Morgan Godfrey, at his blog mauistreet.blogpost.co.nz, makes a call on the Maori seats – the incumbents will retain their seats. That means Mana retains Te Tai Tokerau, the Maori Party retains Waiariki, and Labour retains Hauraki-Waikato, Ikaroa-Rawhiti and Te Tai Tonga.
The remaining two seats are those that will be vacated by Pita Sharples and Tariana Turia. Mr Godfrey predicts that Tamaki Makaurau will fall to Labour, while Te Tai Hauauru is anyone’s guess.
In terms of my Poll of Polls, that largely allies with my assumptions, with Labour taking back Tamaki Makaurau. At this stage, I’m still keeping Te Tai Hauauru in the Maori Party column (at least, until electorate-level polling comes out there that shows something different).

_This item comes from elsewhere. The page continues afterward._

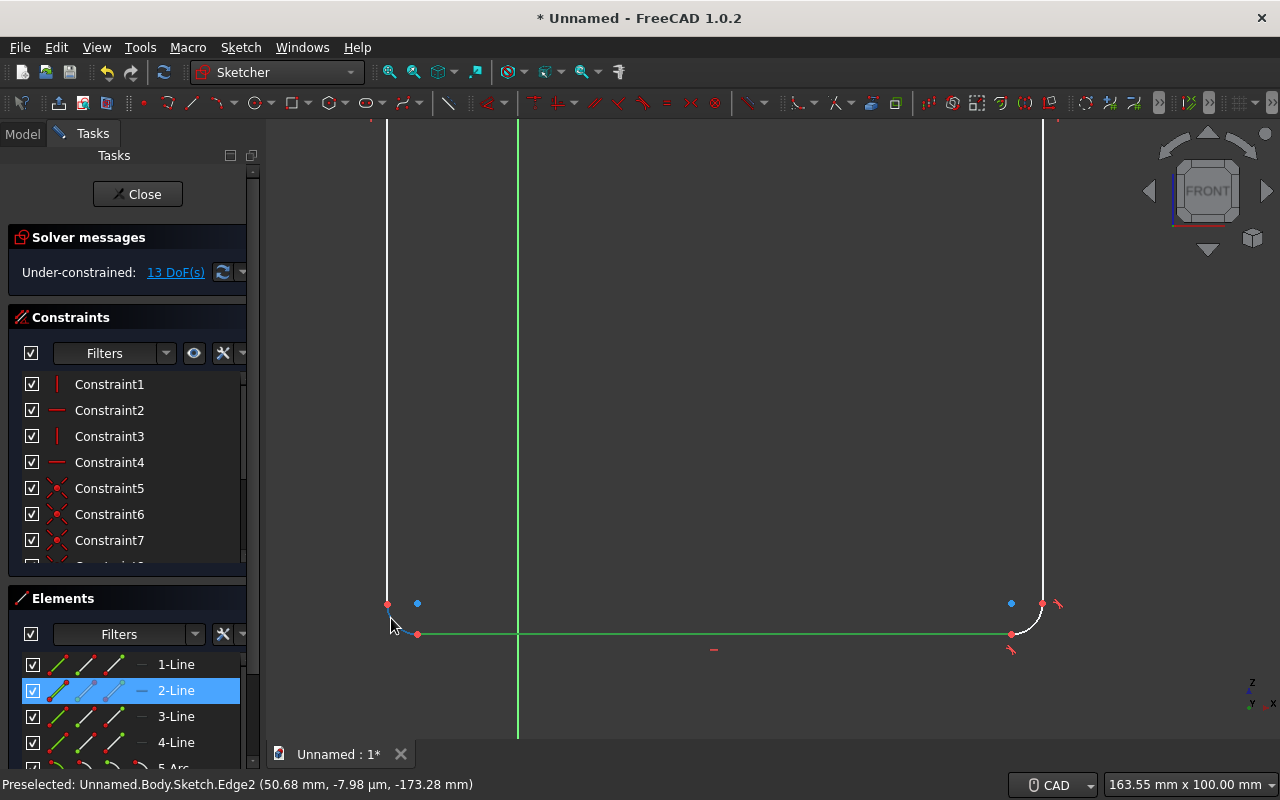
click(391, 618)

Mr Godfrey’s analysis of the current state of Maori politics is interesting – that after the upheavals of Don Brash’s Orewa speech and the Foreshore & Seabed legislation that resulted in the birth of the Maori party, Maori politics has largely returned to stability. With stability, the Maori electorates return to type – back to Labour:
But the bigger picture is important too: conflict characterised the last decade in Maori politics. Think of Closing the Gaps, Orewa and the Foreshore and Seabed Act. The cruel irony is that the Maori Party has resolved much of that conflict – Whanau Ora has replaced Closing the Gaps, National has abandoned its Maori bashing tactics and the Foreshore and Seabed Act has been repealed and replaced – yet Labour will be the beneficiary.
That’s terribly unfair. But while stability returns to Maori politics, the Maori electorates appear to be reverting to type: Labour-led. Maori politics runs through cycles of uncertainty. When uncertainty and instability arises the Maori electorates turn against Labour. It almost happened with Matiu Rata while it actually happened in the 90s with New Zealand First and the 2000s with the Maori Party. The Young Maori Party was born amidst uncertainty and low confidence among Maori, but when certainty and confidence returned Labour and Ratana swept the Maori seats.
There was a window of opportunity when Mana and the Maori Party might have challenged that cycle. But I think that window has passed. The best they can hope to do is retain what they have.
It’ll be interesting to see whether Tariana Turia’s mana keeps Te Tai Hauauru in Maori Party hands this election, or whether the tide really has swept out on the movement.